Les acteurs du paiement fractionné et des mini-crédits ciblent clairement les jeunes, avec une publicité omniprésente sur les réseaux sociaux et dans les parcours d’achat en ligne. Le paiement fractionné est présenté comme une solution simple pour lisser un achat, alors qu’il s’agit bien d’un crédit à la consommation, souvent à taux élevé en cas de retard ou de report. Comme le résume un article du Parisien cité par les spécialistes du surendettement jeunes BNPL mini-crédits : « On n’a jamais vu ça : le nombre de jeunes victimes de surendettement n’a jamais été aussi élevé. »

Dans de nombreux dossiers de surendettement, on retrouve plusieurs paiements fractionnés actifs en parallèle, parfois sur quatre ou cinq plateformes différentes, avec des paiements fractionnés qui grignotent chaque semaine le compte bancaire. Ces crédits paiements sont rarement perçus comme des crédits de consommation à part entière, car le montant de chaque échéance fractionnée semble faible et se fond dans les dépenses de consommation courante. Pourtant, lorsque les revenus baissent, qu’un contrat précaire s’arrête ou qu’un intérim prend fin, ces paiements fractionnés deviennent ingérables et alimentent directement la montée du surendettement.

Les autorités préparent une réponse réglementaire, avec la directive européenne CCD2 qui doit requalifier le BNPL en crédit consommation et imposer une véritable vérification de solvabilité avant d’accorder un paiement fractionné. François Villeroy de Galhau, gouverneur de la Banque de France, plaide depuis plusieurs années pour un encadrement plus strict des crédits de consommation et des offres de type fractionnés crédits, afin de limiter les effets de la publicité agressive sur les jeunes publics. En attendant, chaque nouveau crédit, chaque consommation prêt rapide et chaque crédit renouvelable souscrit sans analyse fine des revenus fragilise davantage un budget déjà tendu, ce qui rend ensuite tout rachat de crédit plus complexe et plus coûteux, avec des taux souvent compris entre 5,5 % et 6,8 % pour les regroupements sans garantie.

Après un rachat de crédit : prévenir la rechute et reprendre la main sur son budget

Pour un jeune déjà pris dans la spirale du surendettement jeunes BNPL mini-crédits, le rachat de crédit peut sembler être la solution miracle, mais ce n’est qu’un outil parmi d’autres.
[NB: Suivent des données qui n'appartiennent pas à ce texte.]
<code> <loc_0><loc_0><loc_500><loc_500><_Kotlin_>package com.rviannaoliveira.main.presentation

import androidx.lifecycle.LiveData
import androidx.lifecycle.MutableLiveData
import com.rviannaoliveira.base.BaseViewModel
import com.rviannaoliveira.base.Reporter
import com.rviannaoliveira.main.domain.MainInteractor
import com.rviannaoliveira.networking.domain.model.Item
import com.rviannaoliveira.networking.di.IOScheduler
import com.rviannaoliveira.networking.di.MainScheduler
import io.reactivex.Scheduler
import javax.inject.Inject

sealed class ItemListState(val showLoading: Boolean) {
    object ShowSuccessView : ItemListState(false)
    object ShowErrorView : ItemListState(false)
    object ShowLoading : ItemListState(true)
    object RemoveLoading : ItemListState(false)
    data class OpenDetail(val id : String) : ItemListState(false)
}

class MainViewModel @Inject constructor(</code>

Quand les dettes sont fragmentées en petits crédits de consommation, en paiements fractionnés et en mini-prêts, un regroupement sans garantie immobilière allonge souvent la durée et augmente le coût total du crédit. Les taux proposés pour ce type de prêt restent élevés, et sans changement profond des habitudes de consommation et de gestion des paiements, le risque de replonger dans de nouveaux crédits de consommation reste important, comme le rappellent plusieurs analyses indépendantes sur le fait que le rachat de crédit ne résout pas les problèmes de budget à lui seul.
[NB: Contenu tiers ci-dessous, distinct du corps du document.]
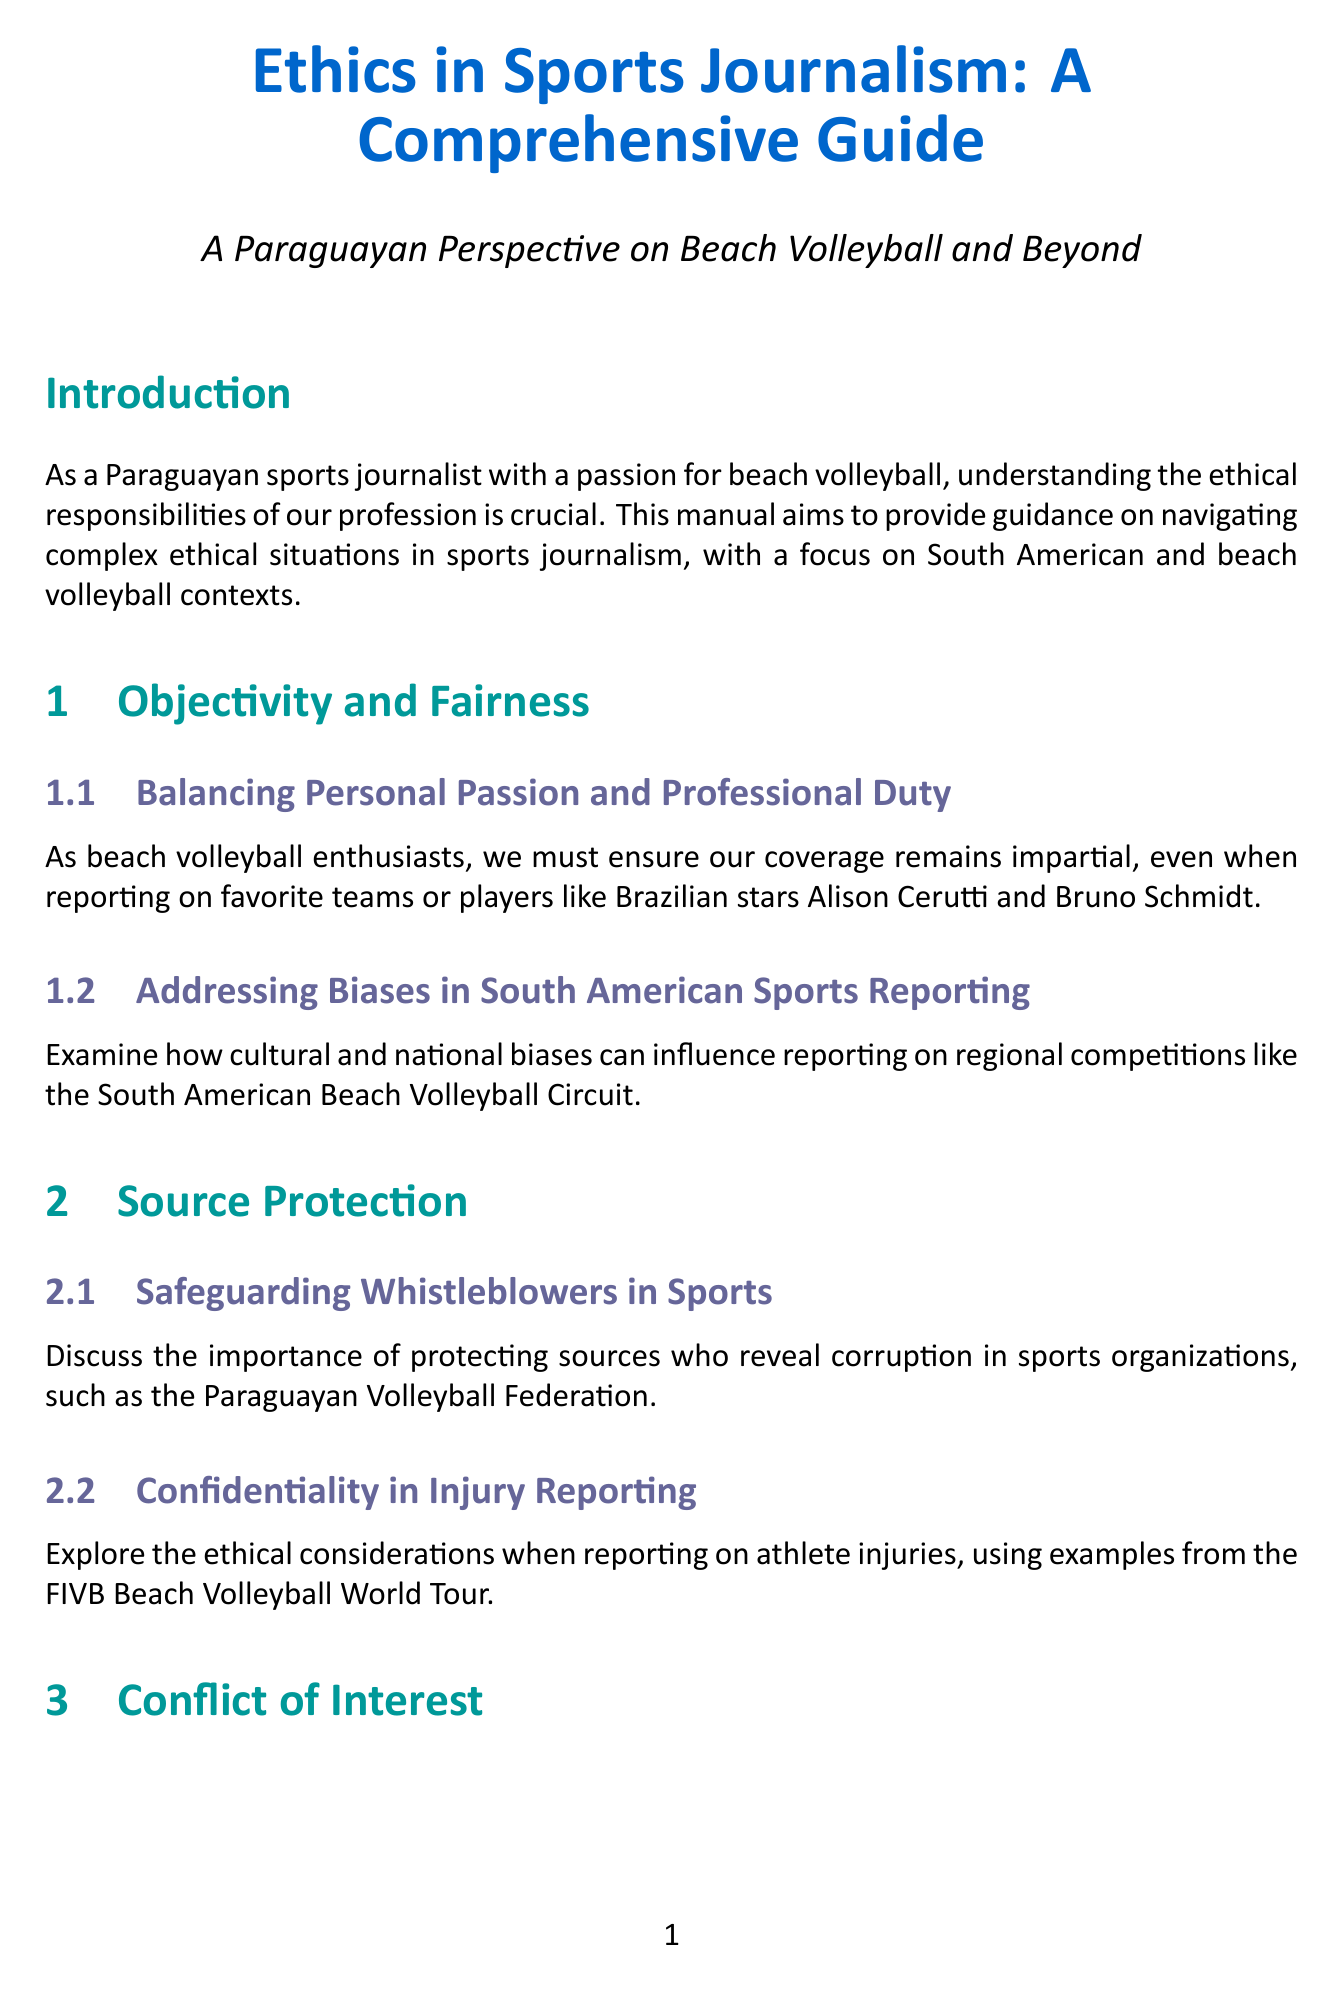what is the title of the manual? The title is prominently displayed at the beginning of the document, indicating the focus on sports journalism ethics.
Answer: Ethics in Sports Journalism: A Comprehensive Guide what section addresses source protection? The document is structured into sections, and the relevant section on source protection is clearly labeled.
Answer: Source Protection who is mentioned as a prominent beach volleyball player in a personal relationship example? This information is found in the section discussing the maintenance of professionalism while covering athletes.
Answer: Roger Battilana what year did the doping allegations case study occur? The document specifies the date of events discussed in case studies, which can be found under the case studies section.
Answer: 2015 what type of ethical considerations are explored in the digital age section? The document outlines various aspects regarding ethics in modern reporting practices, categorized under a specific section.
Answer: Social Media Ethics what is the main focus of the introduction section? The introduction summarizes the purpose of the manual and the importance of ethics in sports journalism, specifically in a cultural context.
Answer: Ethical responsibilities how many case studies are presented in the manual? The document itemizes the content of the case studies in a list format, allowing for quick reference to their quantity.
Answer: Three what is one challenge mentioned in the conflict of interest section? The document discusses specific ethical challenges in the context of relationships and sponsorships within sports journalism practices.
Answer: Sponsorship and Editorial Independence which event is associated with the 2019 South American Beach Games controversy case study? The document references a particular event that faced coverage dilemmas, providing a framework for analysis in the case study.
Answer: Argentina and Brazil

La vraie gestion financière post-rachat passe par un plan d’action précis, qui commence par l’arrêt des nouveaux paiements fractionnés et la fermeture des lignes de crédit renouvelable inutiles. Les jeunes concernés doivent lister tous leurs crédits, vérifier les taux, identifier les publicités qui les poussent à l’achat impulsif et, si besoin, se tourner vers un Point conseil budget ou une association spécialisée pour négocier directement avec les créanciers. Dans certains cas, surtout pour de petits montants dispersés, la renégociation des échéances, la suspension temporaire des paiements ou un accompagnement budgétaire peuvent être plus adaptés qu’un nouveau prêt de regroupement, notamment pour préserver un reste à vivre suffisant.
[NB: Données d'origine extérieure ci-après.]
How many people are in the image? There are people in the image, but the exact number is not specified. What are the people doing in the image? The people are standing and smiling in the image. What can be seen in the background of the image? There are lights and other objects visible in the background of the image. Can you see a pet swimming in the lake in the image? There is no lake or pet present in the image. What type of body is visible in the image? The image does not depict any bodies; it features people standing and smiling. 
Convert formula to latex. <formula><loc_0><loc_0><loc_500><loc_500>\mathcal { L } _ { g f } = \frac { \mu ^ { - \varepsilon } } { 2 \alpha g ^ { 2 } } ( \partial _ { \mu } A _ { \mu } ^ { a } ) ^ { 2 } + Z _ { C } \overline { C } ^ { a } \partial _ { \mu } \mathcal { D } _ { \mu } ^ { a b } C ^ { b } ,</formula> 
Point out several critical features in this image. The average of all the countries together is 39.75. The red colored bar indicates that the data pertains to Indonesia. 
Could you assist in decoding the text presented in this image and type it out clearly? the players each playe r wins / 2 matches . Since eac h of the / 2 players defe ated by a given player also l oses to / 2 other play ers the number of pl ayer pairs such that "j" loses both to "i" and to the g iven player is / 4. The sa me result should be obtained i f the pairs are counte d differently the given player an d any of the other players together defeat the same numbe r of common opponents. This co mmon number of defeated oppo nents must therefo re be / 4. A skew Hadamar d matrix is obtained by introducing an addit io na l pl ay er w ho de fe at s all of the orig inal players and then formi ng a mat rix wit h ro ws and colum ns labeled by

Prévenir la rechute, c’est aussi anticiper les pics de dépenses, comme la rentrée scolaire ou les frais de transport, afin de ne pas recourir à un crédit supplémentaire ou à un paiement fractionné de plus. Un guide pratique de gestion budgétaire, incluant le suivi des revenus, la priorisation des dépenses essentielles et l’optimisation des frais professionnels, permet de limiter le recours aux crédits paiements et de réduire progressivement la dette invisible. À moyen terme, la généralisation de l’éducation financière, avec des dispositifs comme le Passeport Educfi au collège, devra s’accompagner d’un encadrement plus ferme des publicités pour les crédits de consommation afin de freiner la montée du surendettement et de protéger durablement les jeunes générations.